InfoSAWIT, TANGERANG – Di tengah tantangan ekspor minyak sawit, terutama terkait dengan regulasi dari Uni Eropa, Kementerian Perdagangan mengajak para pelaku usaha untuk tetap optimistis. Mereka diimbau memanfaatkan berbagai peluang dari meningkatnya permintaan produk turunan sawit, seperti kosmetik berbasis sawit, oleokimia, dan biodiesel, di pasar internasional.
“Pelaku usaha harus bisa memanfaatkan peluang yang muncul di tengah tantangan. Tidak jarang, peluang tersebut bisa meningkatkan daya saing produk sawit Indonesia di pasar global,” ujar Staf Ahli Bidang Hubungan Internasional Kementerian Perdagangan, Dandy Satria Iswara, dalam keterangannya dikutip InfoSAWIT, Senin (14/10/2024).
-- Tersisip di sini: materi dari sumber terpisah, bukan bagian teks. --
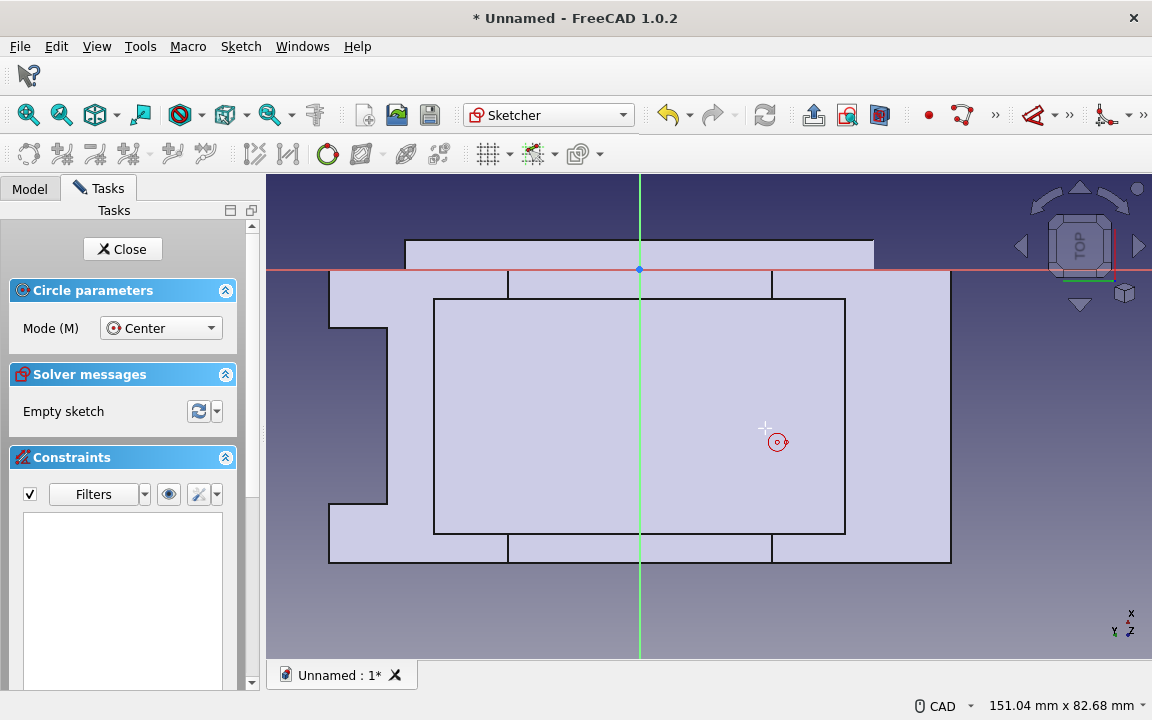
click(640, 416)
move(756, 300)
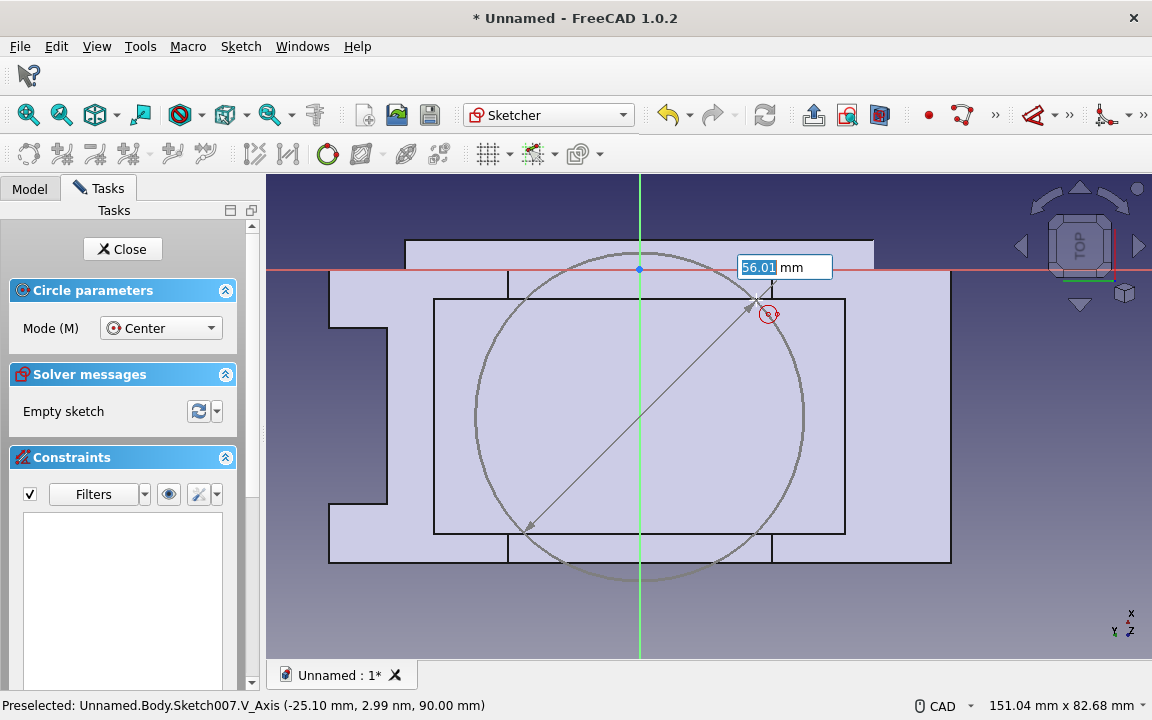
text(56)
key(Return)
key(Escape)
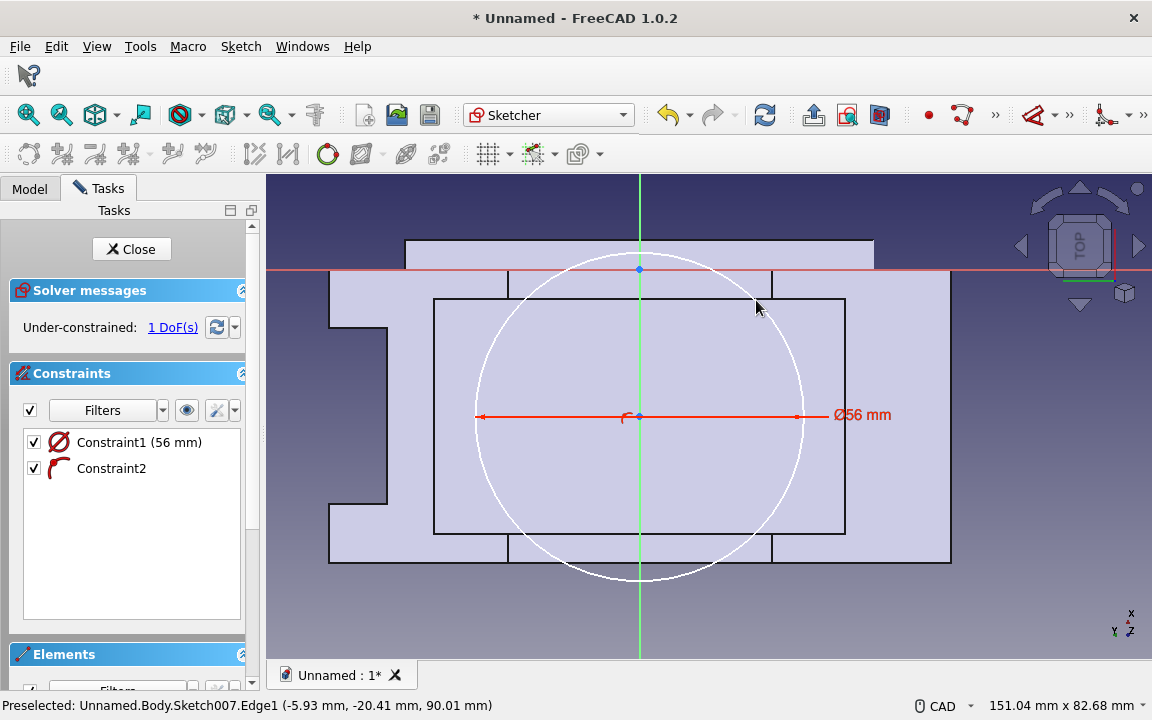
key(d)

Acara ini diselenggarakan bersama Badan Pengelola Dana Perkebunan Kelapa Sawit (BPDPKS) dan dihadiri oleh perwakilan perdagangan dari berbagai negara. Kegiatan tersebut digelar bersamaan dengan Trade Expo Indonesia (TEI) ke-39 yang berlangsung dari 9 hingga 12 Oktober 2024.
BACA JUGA: Diplomasi Sawit Indonesia, Promosikan Produk Hilir ke Pasar Internasional
Dandy menjelaskan bahwa salah satu tantangan utama industri sawit saat ini adalah peraturan European Union Deforestation Regulation (EUDR). Peraturan tersebut bertujuan mengurangi deforestasi global dengan mengatur impor komoditas yang dinilai berkontribusi terhadap deforestasi, termasuk sawit. Eksportir diwajibkan memastikan keterlacakan produk mereka agar bisa tetap bersaing di pasar Eropa.
Namun, Dandy menegaskan bahwa peluang ekspor tetap ada di negara-negara lain. “Pada 2022, ekspor produk turunan sawit Indonesia mencatat pertumbuhan signifikan di beberapa pasar seperti Filipina, Arab Saudi, dan Turki,” jelasnya.
Untuk menjaga daya saing di pasar global, pemerintah telah mengadopsi standar keberlanjutan baru melalui Indonesian Sustainable Palm Oil (ISPO). Standar ini memastikan bahwa produk sawit Indonesia memenuhi kriteria keberlanjutan internasional, sehingga dapat terus bersaing di pasar yang semakin peduli terhadap keberlanjutan.
BACA JUGA: Ombudsman RI Tekankan Pentingnya Tata Kelola Bersih untuk Keberlanjutan Industri Sawit
“Langkah-langkah pemerintah ini diharapkan dapat mengatasi tantangan yang ada, meningkatkan akses pasar, dan membuka pasar baru untuk produk sawit dan turunannya,” tambah Dandy.